Saved data entries
_ _ _ _ _ _ _

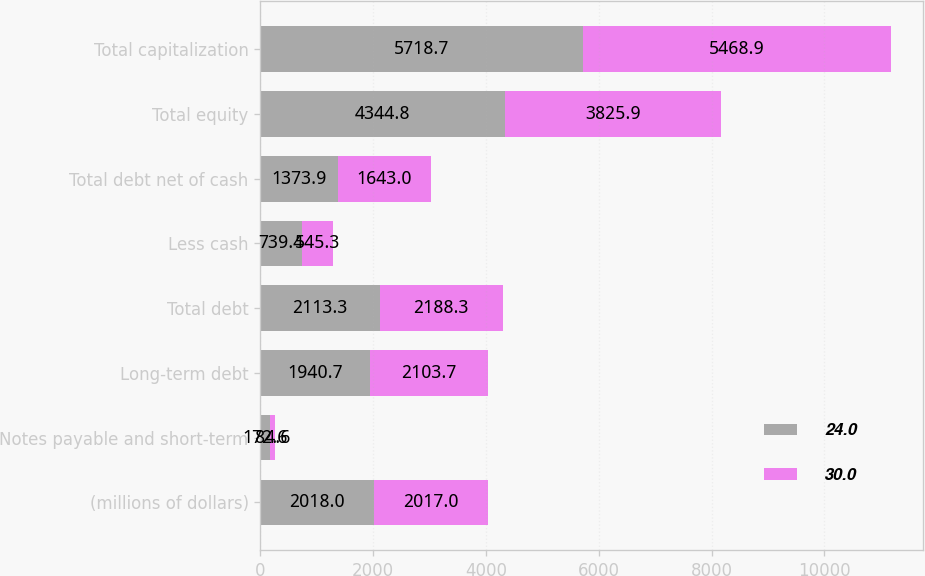<chart> <loc_0><loc_0><loc_500><loc_500><stacked_bar_chart><ecel><fcel>(millions of dollars)<fcel>Notes payable and short-term<fcel>Long-term debt<fcel>Total debt<fcel>Less cash<fcel>Total debt net of cash<fcel>Total equity<fcel>Total capitalization<nl><fcel>24<fcel>2018<fcel>172.6<fcel>1940.7<fcel>2113.3<fcel>739.4<fcel>1373.9<fcel>4344.8<fcel>5718.7<nl><fcel>30<fcel>2017<fcel>84.6<fcel>2103.7<fcel>2188.3<fcel>545.3<fcel>1643<fcel>3825.9<fcel>5468.9<nl></chart> 
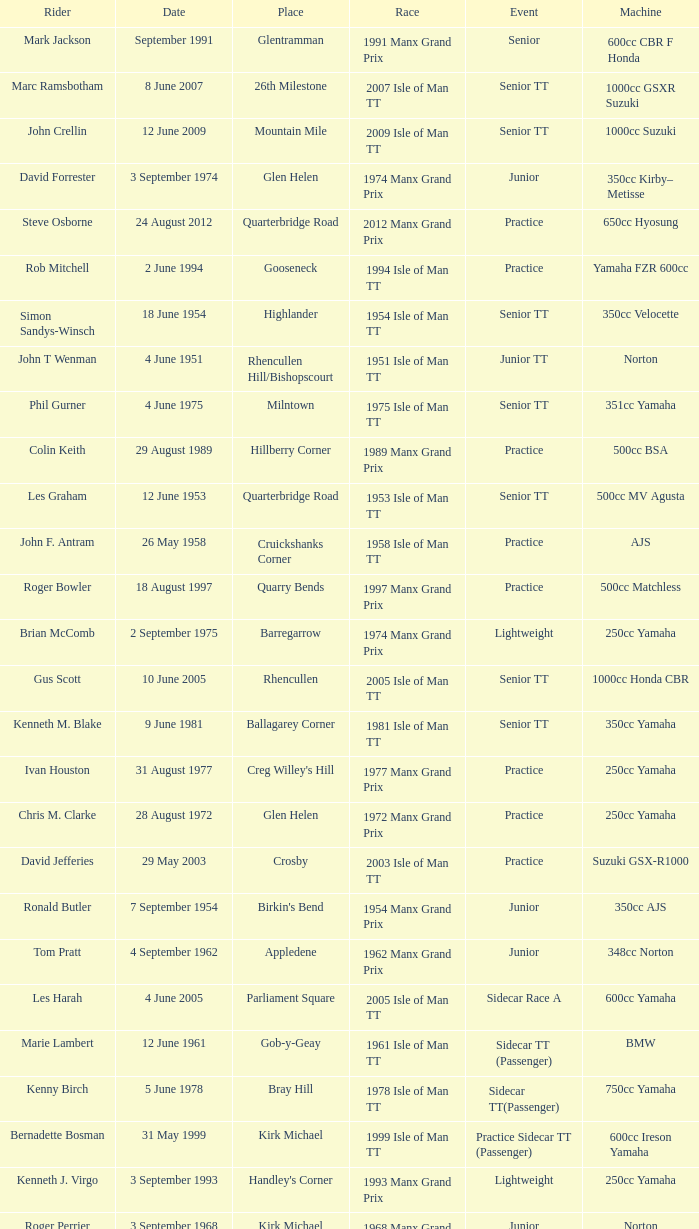Where was the 249cc Yamaha? Glentramman. 
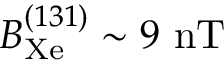Convert formula to latex. <formula><loc_0><loc_0><loc_500><loc_500>B _ { X e } ^ { ( 1 3 1 ) } \sim 9 n T</formula> 
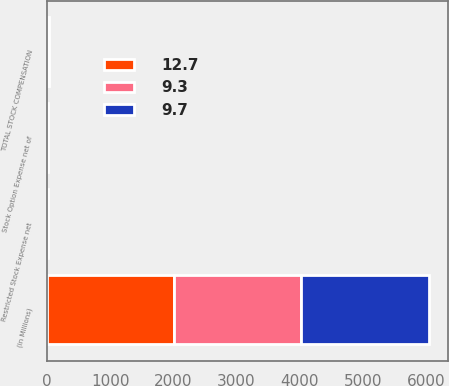Convert chart. <chart><loc_0><loc_0><loc_500><loc_500><stacked_bar_chart><ecel><fcel>(in Millions)<fcel>Stock Option Expense net of<fcel>Restricted Stock Expense net<fcel>TOTAL STOCK COMPENSATION<nl><fcel>9.7<fcel>2016<fcel>4.4<fcel>6.5<fcel>12.7<nl><fcel>12.7<fcel>2015<fcel>4.1<fcel>5.1<fcel>9.7<nl><fcel>9.3<fcel>2014<fcel>3.8<fcel>5.5<fcel>9.3<nl></chart> 
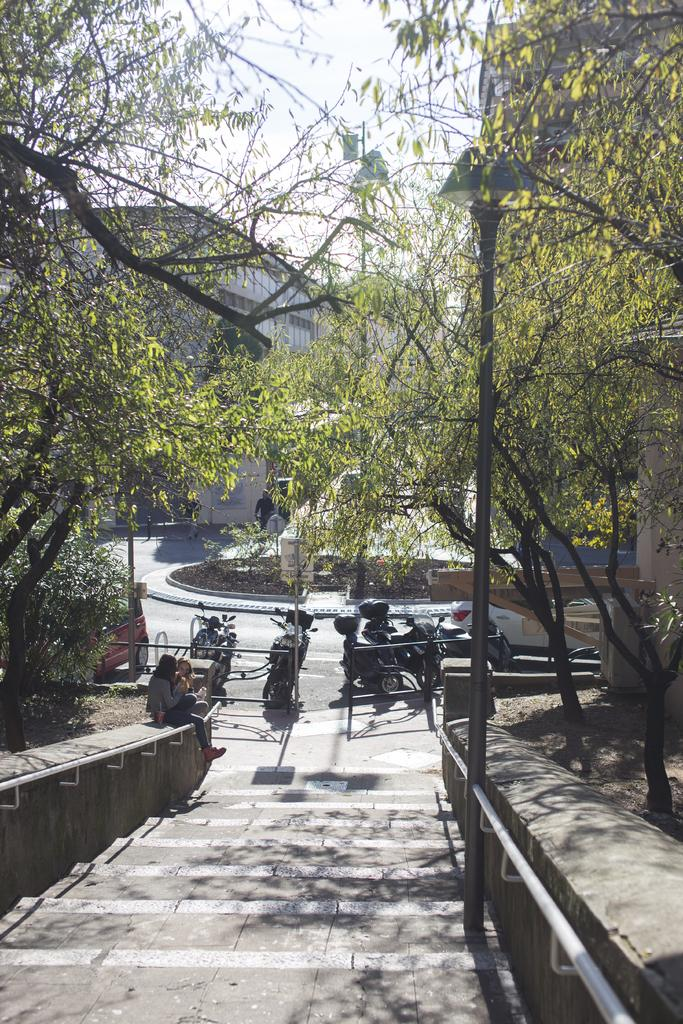What can be seen at the bottom of the image? There are stairs at the bottom of the image. What are people doing on the stairs? People are sitting on the stairs. What is on the right side of the image? There is a pole on the right side of the image. What can be seen in the background of the image? Trees, bikes, a car, a building, and a person are visible in the background of the image. What is the color of the sky in the image? The sky is visible in the background of the image, but the color is not mentioned in the facts. How many cows are present in the image? There are no cows present in the image. What type of ring can be seen on the person's finger in the image? There is no person wearing a ring in the image. 
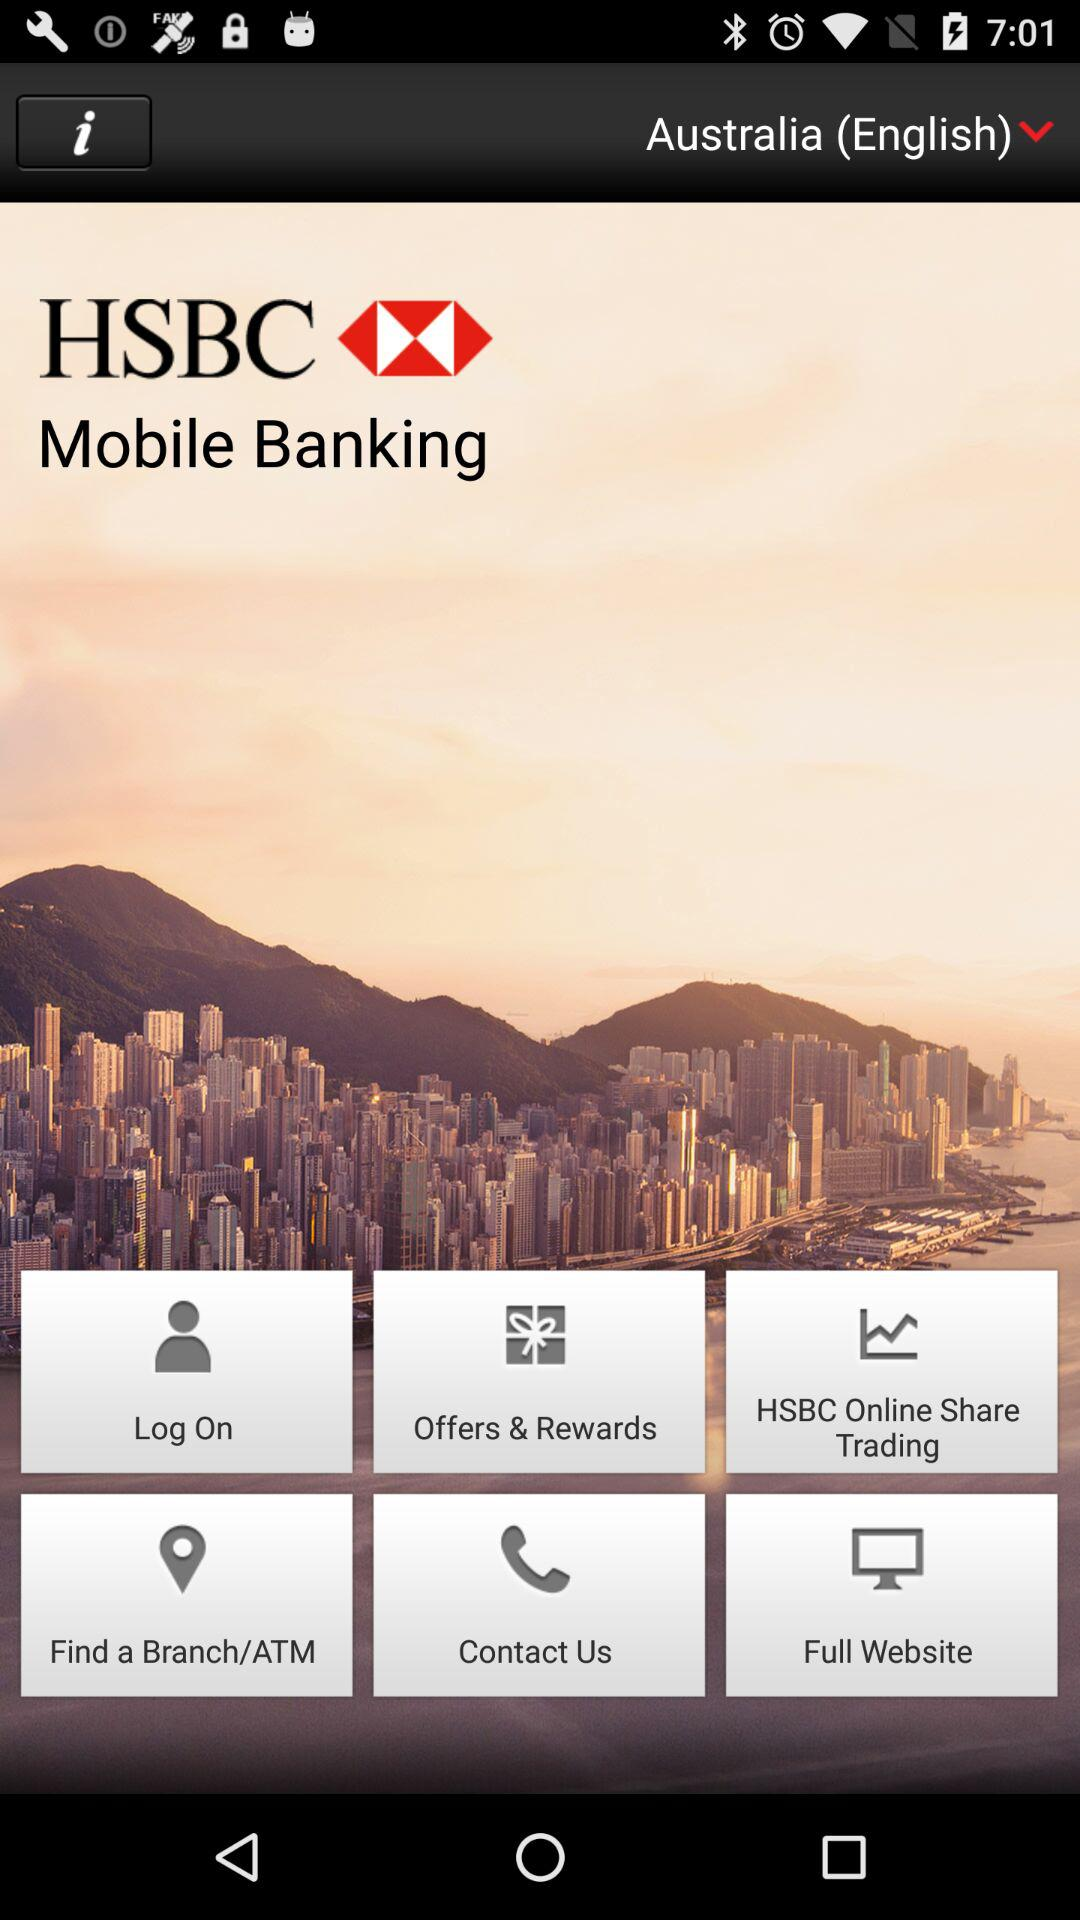What is the name of the application? The name of the application is "HSBC". 
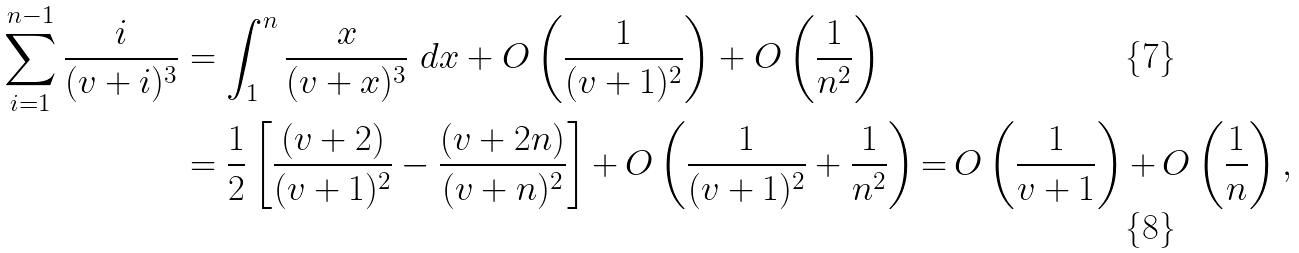<formula> <loc_0><loc_0><loc_500><loc_500>\sum _ { i = 1 } ^ { n - 1 } \frac { i } { ( v + i ) ^ { 3 } } & = \int _ { 1 } ^ { n } \frac { x } { ( v + x ) ^ { 3 } } \ d x + O \left ( \frac { 1 } { ( v + 1 ) ^ { 2 } } \right ) + O \left ( \frac { 1 } { n ^ { 2 } } \right ) \\ & = \frac { 1 } { 2 } \left [ \frac { ( v + 2 ) } { ( v + 1 ) ^ { 2 } } - \frac { ( v + 2 n ) } { ( v + n ) ^ { 2 } } \right ] { + } \, O \left ( \frac { 1 } { ( v + 1 ) ^ { 2 } } + \frac { 1 } { n ^ { 2 } } \right ) { = } \, O \left ( \frac { 1 } { v + 1 } \right ) { + } \, O \left ( \frac { 1 } { n } \right ) ,</formula> 
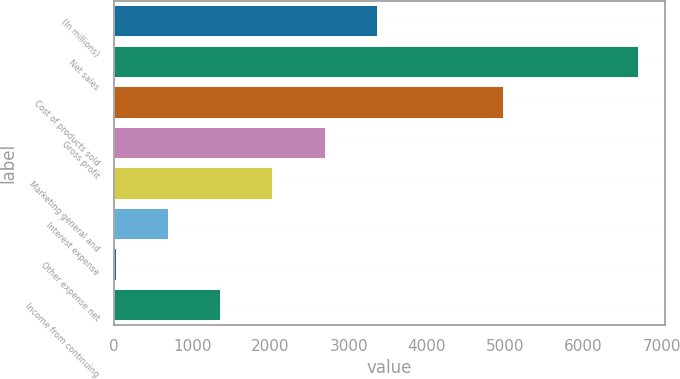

_ _ _ _ _ _ _

• [What you will do]
Only the lines from the one holding "Convert formula to" through the end of the data are to be printed, exactly as they stand and with no pictures.

• [Response]
Convert formula to latex. <formula><loc_0><loc_0><loc_500><loc_500>B _ { X e } ^ { ( 1 3 1 ) } \sim 9 n T</formula> 
Convert chart. <chart><loc_0><loc_0><loc_500><loc_500><stacked_bar_chart><ecel><fcel>(in Millions)<fcel>Stock Option Expense net of<fcel>Restricted Stock Expense net<fcel>TOTAL STOCK COMPENSATION<nl><fcel>9.7<fcel>2016<fcel>4.4<fcel>6.5<fcel>12.7<nl><fcel>12.7<fcel>2015<fcel>4.1<fcel>5.1<fcel>9.7<nl><fcel>9.3<fcel>2014<fcel>3.8<fcel>5.5<fcel>9.3<nl></chart> 
What can be seen at the bottom of the image? There are stairs at the bottom of the image. What are people doing on the stairs? People are sitting on the stairs. What is on the right side of the image? There is a pole on the right side of the image. What can be seen in the background of the image? Trees, bikes, a car, a building, and a person are visible in the background of the image. What is the color of the sky in the image? The sky is visible in the background of the image, but the color is not mentioned in the facts. How many cows are present in the image? There are no cows present in the image. What type of ring can be seen on the person's finger in the image? There is no person wearing a ring in the image. 
What is the name of the application? The name of the application is "HSBC". 
<formula> <loc_0><loc_0><loc_500><loc_500>\sum _ { i = 1 } ^ { n - 1 } \frac { i } { ( v + i ) ^ { 3 } } & = \int _ { 1 } ^ { n } \frac { x } { ( v + x ) ^ { 3 } } \ d x + O \left ( \frac { 1 } { ( v + 1 ) ^ { 2 } } \right ) + O \left ( \frac { 1 } { n ^ { 2 } } \right ) \\ & = \frac { 1 } { 2 } \left [ \frac { ( v + 2 ) } { ( v + 1 ) ^ { 2 } } - \frac { ( v + 2 n ) } { ( v + n ) ^ { 2 } } \right ] { + } \, O \left ( \frac { 1 } { ( v + 1 ) ^ { 2 } } + \frac { 1 } { n ^ { 2 } } \right ) { = } \, O \left ( \frac { 1 } { v + 1 } \right ) { + } \, O \left ( \frac { 1 } { n } \right ) ,</formula> 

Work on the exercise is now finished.